Le conseiller national Philippe Nantermod ne partage pas cette vision des choses: «La Suisse ne doit pas réaffirmer sans cesse son soutien à la CPI. C’est un État partie au Statut de Rome, c’est assez clair. Et le PLR valaisan d’ajouter : « La demande d’émission de mandats d’arrêt contre le Premier ministre Benjamin Netanyahu et son ministre de la Défense Yoav Gallant est très politique. La CCI ne prend pas en compte le principe de subsidiarité (complémentarité). Mais Israël dispose d’un système judiciaire fonctionnel. Parfois, les institutions internationales n’agissent pas conformément aux objectifs pour lesquels elles ont été créées.
Contrairement à Nicolas Walder, Philippe Nantermod pense que certaines institutions internationales vont parfois trop loin : « Comme la décision de la Cour EDH qui affirme que la Suisse a violé le droit à la protection du climat, il faut être prudent avec les institutions internationales que je soutiens, mais qui sont pas infaillible. Leurs décisions ne s’appuient pas sur un outil démocratique tel qu’un parlement national. Dans le cas de la Cour EDH, il n’existe pas de droit à un environnement sain.» L’élu valaisan prévient : « ces juges se sont placés au-dessus des législateurs nationaux, et même du peuple souverain. C’est très dangereux. »
De futures arrestations ?
Franz Grüter, conseiller national de l’UDC, estime que la Suisse a commis une erreur en signant le Statut de Rome instituant la CPI en 1998 et en le ratifiant en 2001. «Dans ce cas, la CPI n’aurait dû intervenir que si le système judiciaire du pays concerné présente des dysfonctionnements, comme le montrent les dans une dictature. Ce n’est pas le cas d’Israël. Quant à la Suisse, elle aurait dû dire publiquement que la CPI devait laisser la justice interne israélienne traiter l’affaire.» Si les mandats d’arrêt contre Netanyahu et Gallant devaient être confirmés, la Suisse les arrêterait-elle s’ils se trouvaient sur le sol suisse ? Nicolas Walder exige une réponse claire du Conseil fédéral.

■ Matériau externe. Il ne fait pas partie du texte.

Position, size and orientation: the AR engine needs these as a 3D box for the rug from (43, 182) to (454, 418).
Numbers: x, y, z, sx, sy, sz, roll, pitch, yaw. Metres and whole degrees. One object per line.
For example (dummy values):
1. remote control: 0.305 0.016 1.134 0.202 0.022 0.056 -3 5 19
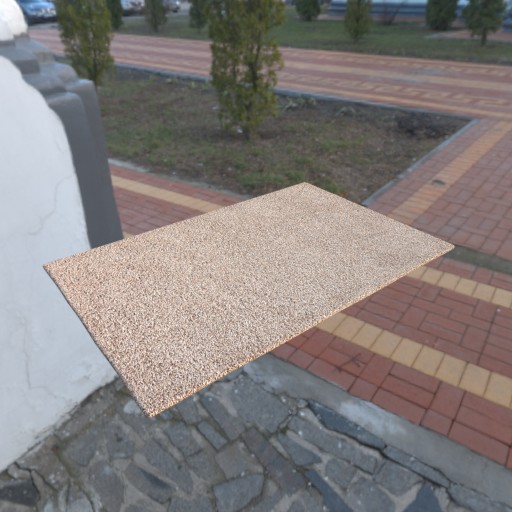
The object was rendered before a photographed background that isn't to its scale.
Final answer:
1. rug: 0.000 0.000 3.493 2.743 0.030 1.778 -22 37 -32
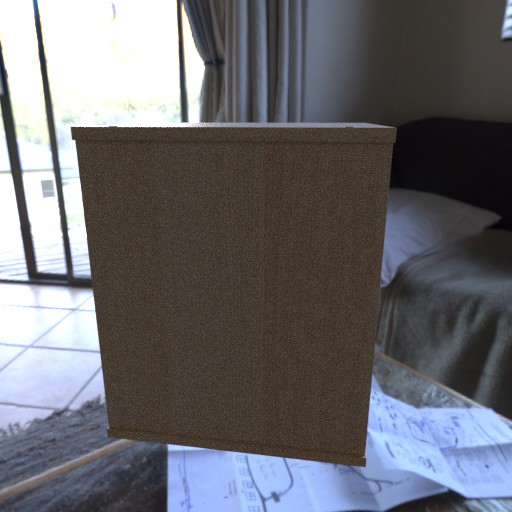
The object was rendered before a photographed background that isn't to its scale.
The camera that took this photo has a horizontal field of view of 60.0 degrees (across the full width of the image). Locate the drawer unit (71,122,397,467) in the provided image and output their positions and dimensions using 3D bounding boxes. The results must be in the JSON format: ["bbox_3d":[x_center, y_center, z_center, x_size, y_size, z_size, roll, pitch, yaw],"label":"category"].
[{"bbox_3d":[0.000,0.000,0.601,0.290,0.344,0.349,3,18,9],"label":"drawer unit"}]
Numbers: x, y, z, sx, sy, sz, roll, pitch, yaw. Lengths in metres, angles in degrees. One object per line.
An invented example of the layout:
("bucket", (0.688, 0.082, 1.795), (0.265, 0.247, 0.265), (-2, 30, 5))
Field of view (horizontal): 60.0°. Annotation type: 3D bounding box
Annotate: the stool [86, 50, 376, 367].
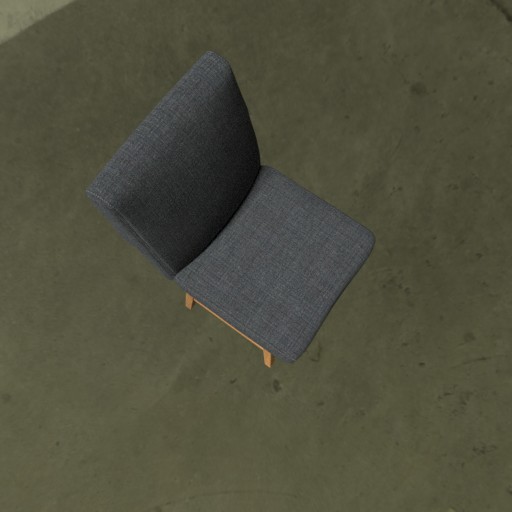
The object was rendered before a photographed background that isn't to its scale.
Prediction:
("stool", (0.000, 0.000, 1.405), (0.570, 1.112, 0.483), (35, 78, 8))
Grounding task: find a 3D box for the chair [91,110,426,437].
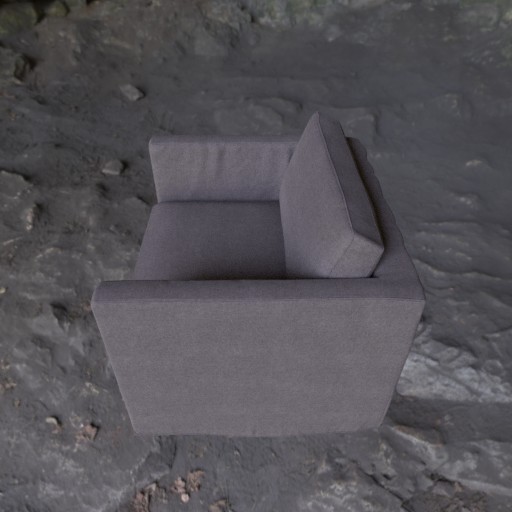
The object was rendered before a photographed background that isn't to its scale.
[{"bbox_3d":[0.000,0.000,1.754,0.949,0.863,1.057,-1,40,-1],"label":"chair"}]
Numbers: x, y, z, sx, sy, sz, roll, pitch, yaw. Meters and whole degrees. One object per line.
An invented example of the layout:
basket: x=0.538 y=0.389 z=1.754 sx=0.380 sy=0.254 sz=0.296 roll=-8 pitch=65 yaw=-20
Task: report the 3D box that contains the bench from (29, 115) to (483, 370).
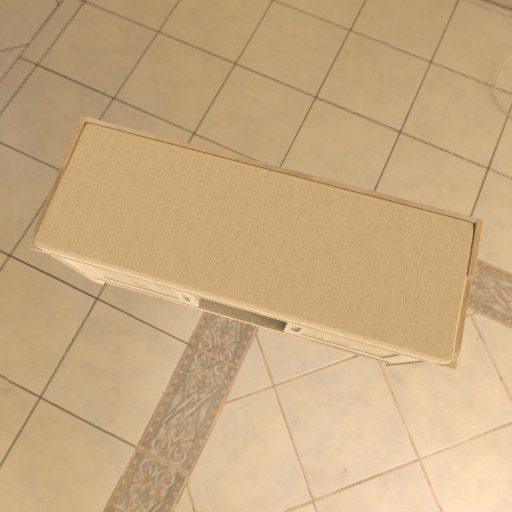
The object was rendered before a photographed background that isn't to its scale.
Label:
bench: x=0.000 y=0.000 z=1.382 sx=1.140 sy=0.501 sz=0.398 roll=15 pitch=75 yaw=4
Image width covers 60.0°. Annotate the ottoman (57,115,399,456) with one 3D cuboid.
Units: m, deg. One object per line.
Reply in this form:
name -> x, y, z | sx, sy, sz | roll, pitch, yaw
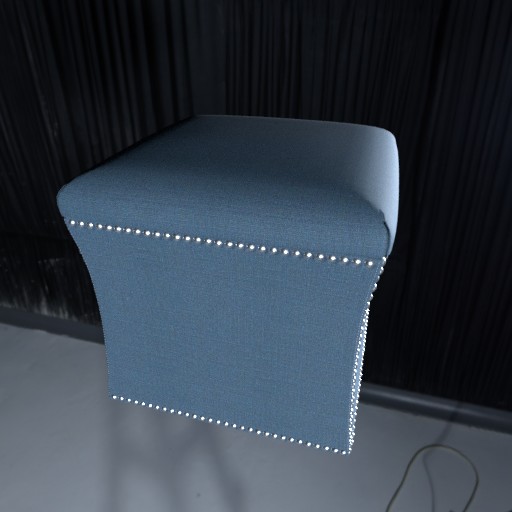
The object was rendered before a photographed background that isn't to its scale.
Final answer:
ottoman -> 0.000, 0.000, 0.889 | 0.497, 0.475, 0.507 | 8, 31, 14
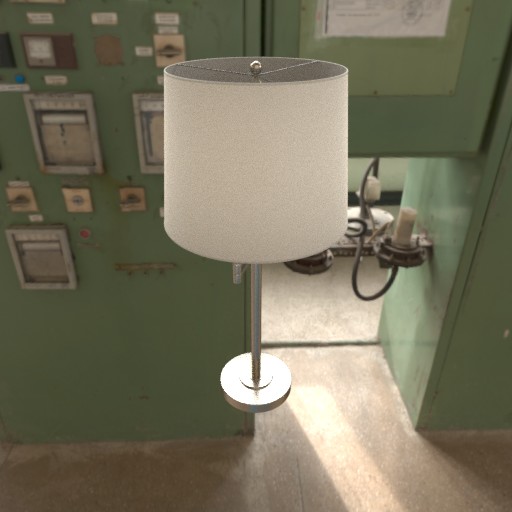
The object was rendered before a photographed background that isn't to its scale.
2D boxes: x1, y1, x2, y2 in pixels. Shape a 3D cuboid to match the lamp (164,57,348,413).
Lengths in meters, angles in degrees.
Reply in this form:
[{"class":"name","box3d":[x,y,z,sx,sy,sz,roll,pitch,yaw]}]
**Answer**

Contacté par La météo, le DFAE n’a pas pu répondre avant la publication de cet article. L’hésitation du gouvernement suisse à soutenir publiquement la CPI dans le contexte de la guerre entre Israël et le Hamas est surprenante si l’on prend en compte l’implication historique de la Confédération dans les travaux qui ont conduit à la création de la CPI en 1998 et à sa prise de fonction. en 2002. Pour Berne à l’époque, il était impératif de disposer d’un mécanisme efficace pour mettre en œuvre les Conventions de Genève. Celles-ci étaient menacées de dilution, notamment par des pays comme les États-Unis.
En 1998, à Rome, la Suisse comptait une importante délégation. Elle est fortement impliquée, avec le CICR, dans la définition des crimes de guerre insérée à l’article 8 du Statut de Rome. Sous l’égide du Canadien Philippe Kirsch, qui deviendra le premier président du CCI, les délégués suisses furent contraints de s’asseoir avec leurs homologues américains pour parvenir à un texte acceptable par tous. Après plusieurs séances de trois semaines, ils sont parvenus à produire un texte solide. Cent vingt Etats approuvent le statut, 7 s’y opposent et 21 s’abstiennent. La Suisse a laissé une forte impression.